→ **WHAT TO WORK ON**: Look below for the line containing "Rendered at 1164 by 1607 pixels."; from there, print each line exactly up to and including the line containing "Identify the document", and stop.

→ **DATA UNDER STUDY**:

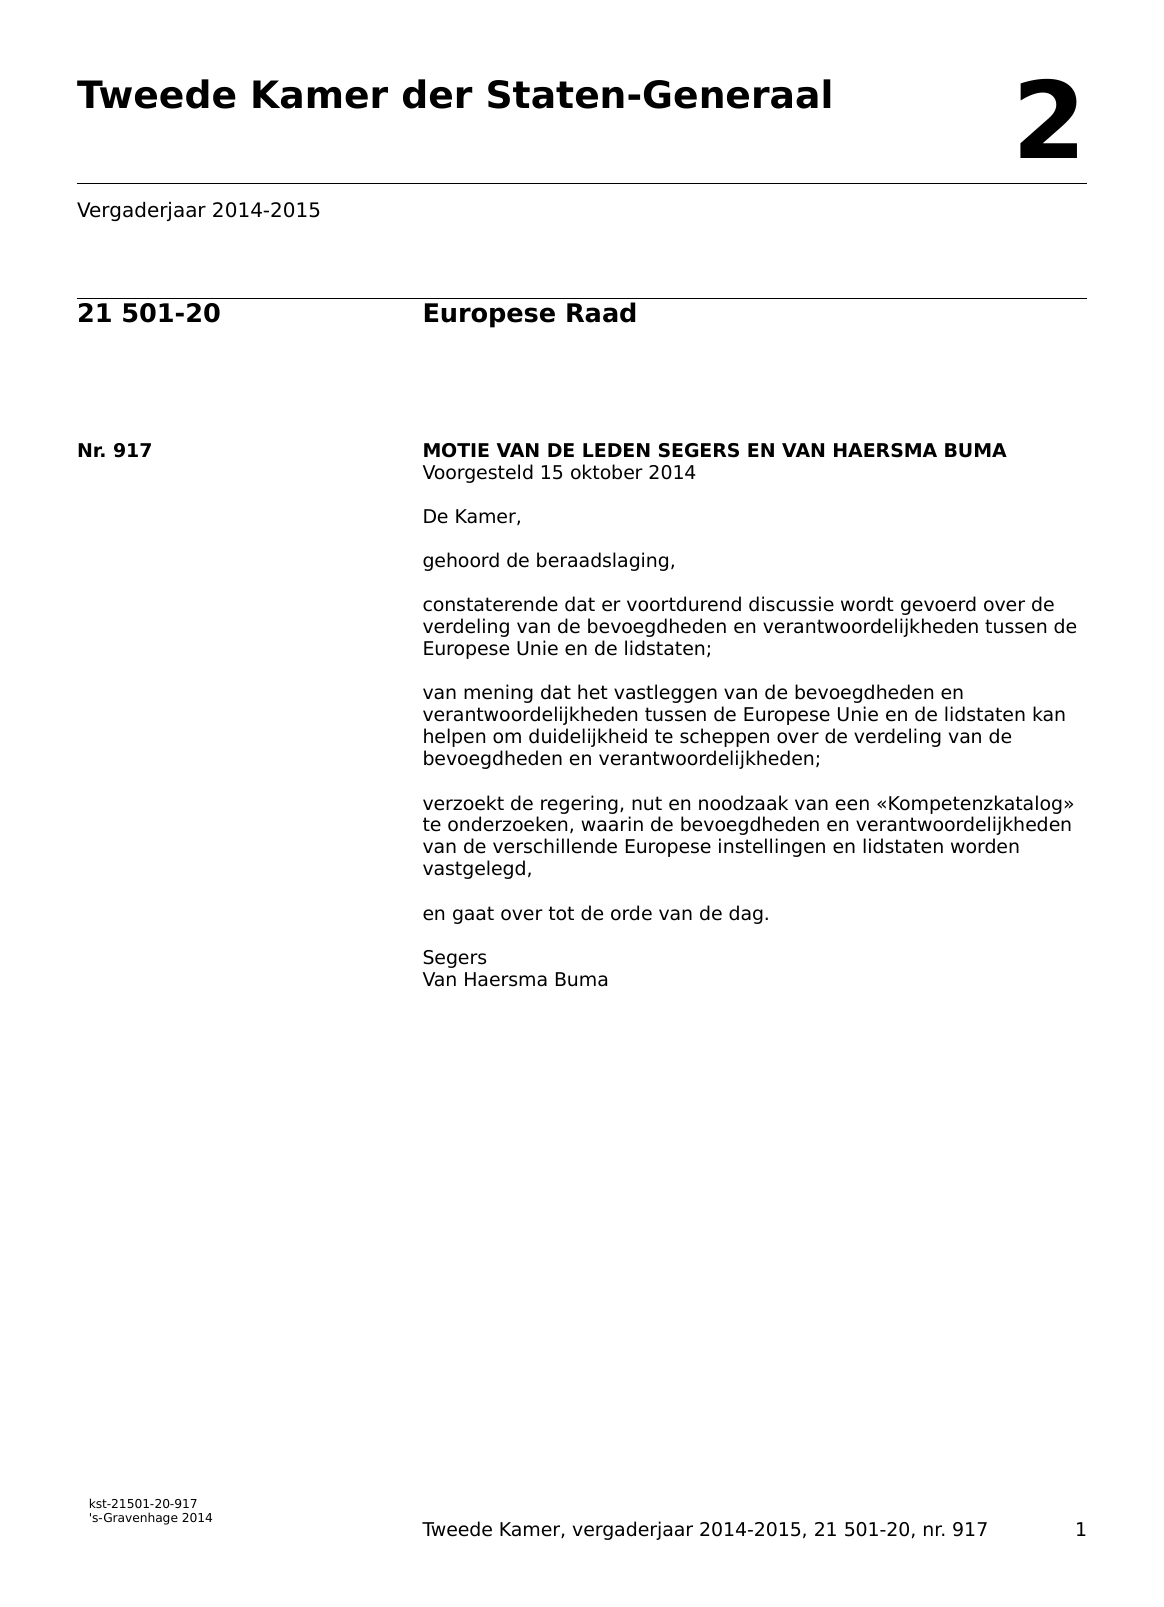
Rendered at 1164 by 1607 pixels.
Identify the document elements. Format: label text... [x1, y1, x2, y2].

...

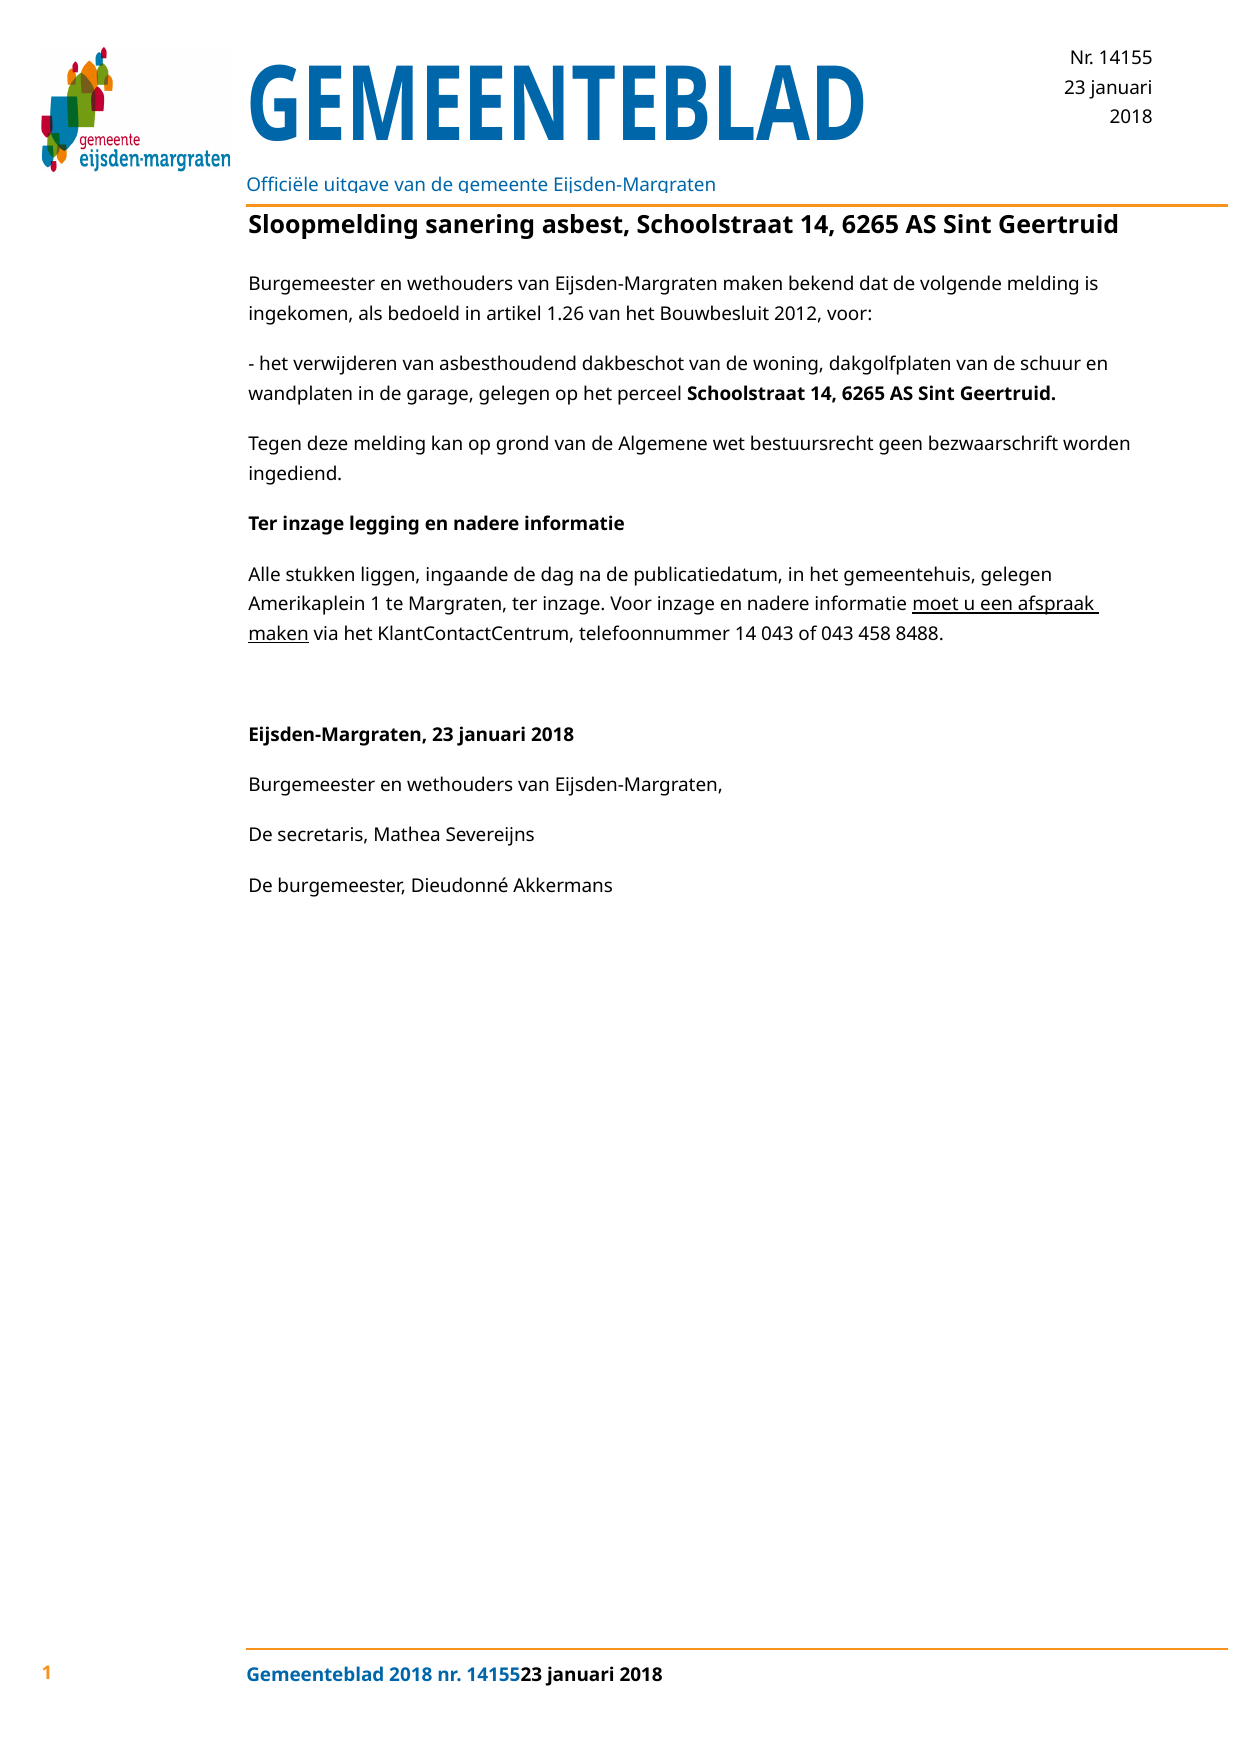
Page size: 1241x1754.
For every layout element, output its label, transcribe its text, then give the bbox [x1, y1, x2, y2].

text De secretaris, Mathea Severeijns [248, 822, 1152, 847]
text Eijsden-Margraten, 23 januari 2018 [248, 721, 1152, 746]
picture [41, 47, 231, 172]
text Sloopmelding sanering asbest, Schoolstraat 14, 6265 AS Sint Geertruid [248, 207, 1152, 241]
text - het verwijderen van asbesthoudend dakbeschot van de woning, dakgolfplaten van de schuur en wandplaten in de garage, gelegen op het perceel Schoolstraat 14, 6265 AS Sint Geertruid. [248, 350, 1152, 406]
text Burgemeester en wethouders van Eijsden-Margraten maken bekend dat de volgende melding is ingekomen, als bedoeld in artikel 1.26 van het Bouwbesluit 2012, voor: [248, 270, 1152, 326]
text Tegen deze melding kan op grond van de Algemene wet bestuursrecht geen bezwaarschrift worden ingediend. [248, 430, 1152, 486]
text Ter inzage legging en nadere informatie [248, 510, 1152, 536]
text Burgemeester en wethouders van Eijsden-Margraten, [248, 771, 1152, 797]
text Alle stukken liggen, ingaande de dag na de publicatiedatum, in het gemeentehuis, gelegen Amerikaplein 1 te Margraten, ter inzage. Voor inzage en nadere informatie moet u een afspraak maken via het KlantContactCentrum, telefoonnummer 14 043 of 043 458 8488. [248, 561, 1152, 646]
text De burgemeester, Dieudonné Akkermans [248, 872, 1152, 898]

--

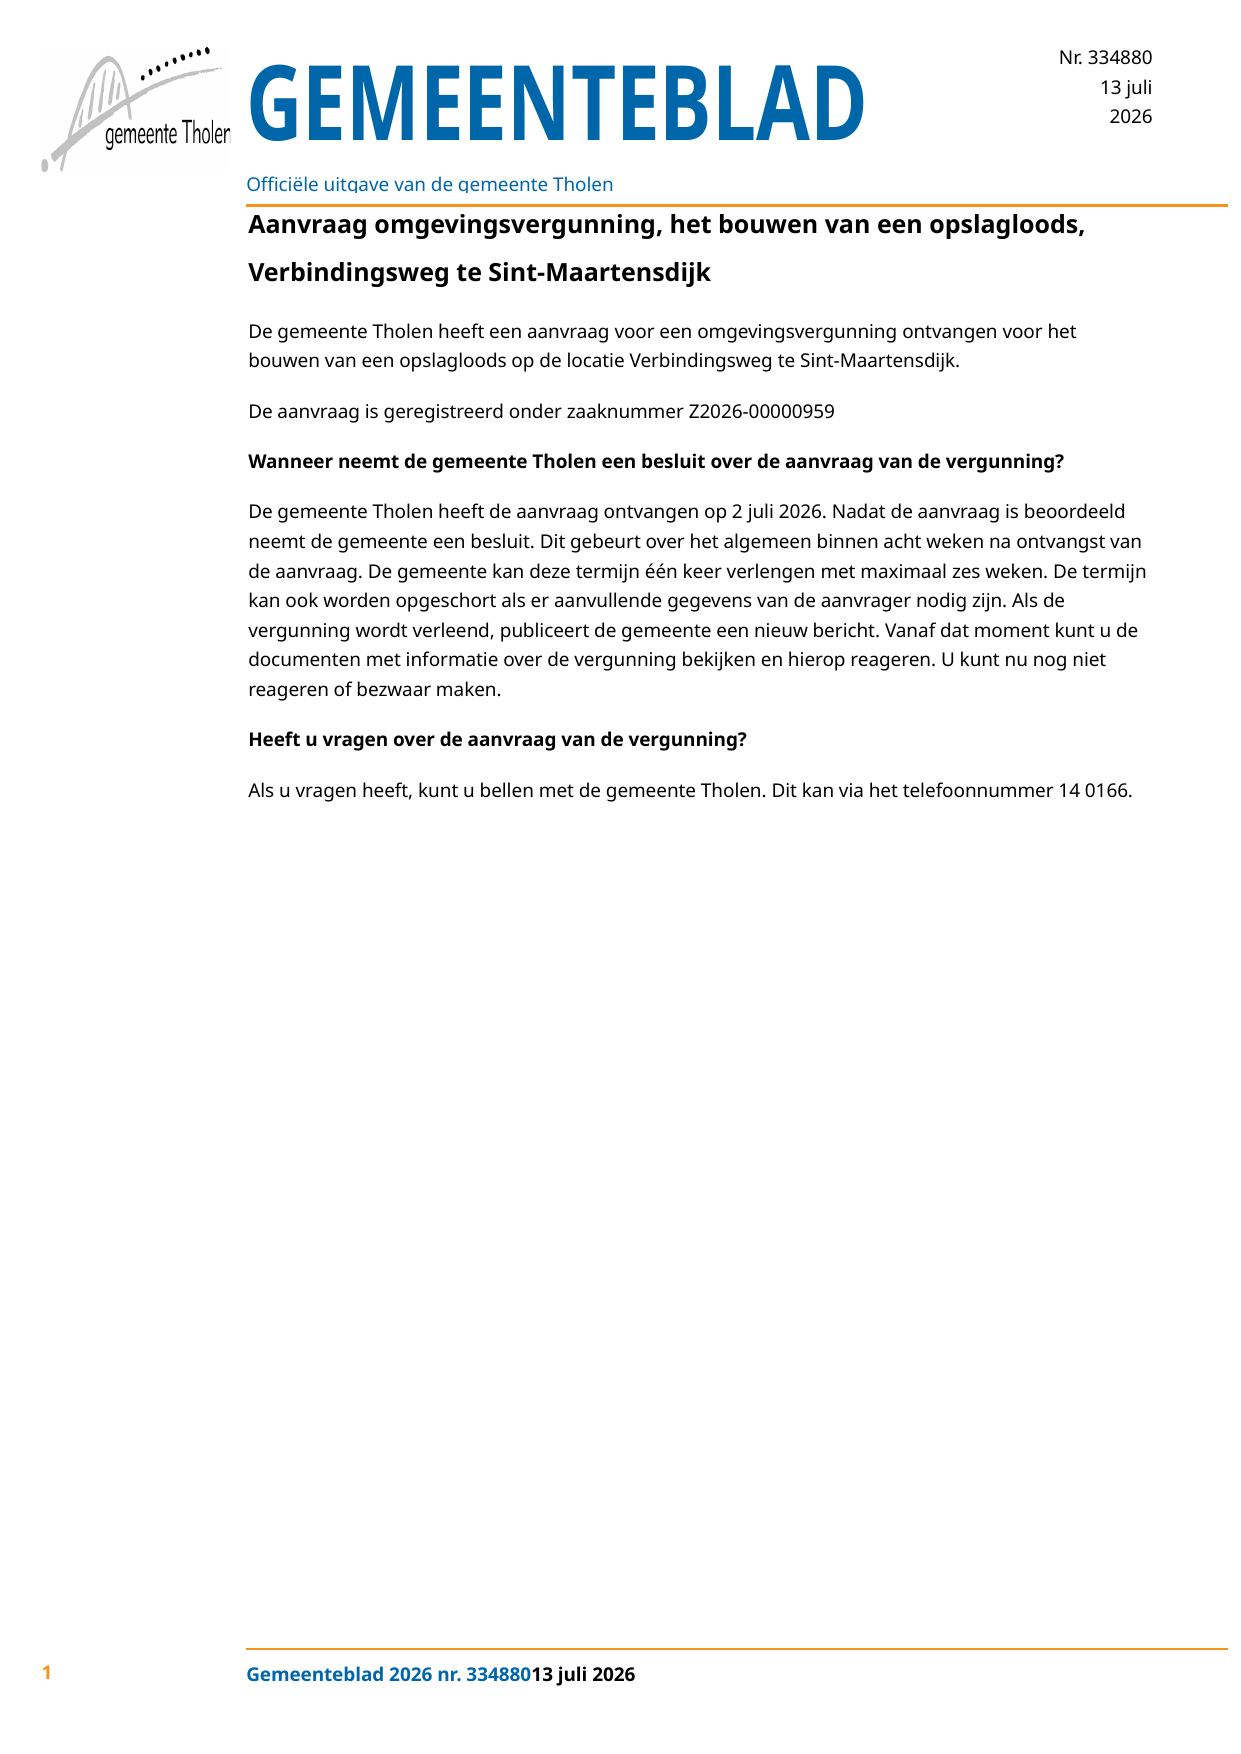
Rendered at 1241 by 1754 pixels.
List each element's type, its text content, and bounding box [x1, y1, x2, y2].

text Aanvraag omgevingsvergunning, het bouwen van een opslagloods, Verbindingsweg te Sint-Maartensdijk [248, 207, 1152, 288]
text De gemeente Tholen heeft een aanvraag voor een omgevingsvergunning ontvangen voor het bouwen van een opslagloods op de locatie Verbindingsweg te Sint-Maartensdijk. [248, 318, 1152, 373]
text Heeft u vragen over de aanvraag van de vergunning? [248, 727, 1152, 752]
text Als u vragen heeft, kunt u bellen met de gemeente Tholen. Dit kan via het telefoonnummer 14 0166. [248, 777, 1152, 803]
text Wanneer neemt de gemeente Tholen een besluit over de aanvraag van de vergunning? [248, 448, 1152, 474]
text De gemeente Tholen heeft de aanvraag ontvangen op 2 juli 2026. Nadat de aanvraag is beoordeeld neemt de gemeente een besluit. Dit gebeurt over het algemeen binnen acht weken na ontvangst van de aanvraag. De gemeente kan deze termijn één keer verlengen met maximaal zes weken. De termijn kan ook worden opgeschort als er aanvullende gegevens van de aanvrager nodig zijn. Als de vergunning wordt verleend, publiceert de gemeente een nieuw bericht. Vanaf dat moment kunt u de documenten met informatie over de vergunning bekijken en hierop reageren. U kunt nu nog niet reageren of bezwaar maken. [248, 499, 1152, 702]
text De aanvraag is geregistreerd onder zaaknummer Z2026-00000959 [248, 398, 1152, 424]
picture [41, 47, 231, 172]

→ **RESULT**:
Rendered at 1164 by 1607 pixels.
Identify the document elements. Format: label text... [x1, y1, x2, y2].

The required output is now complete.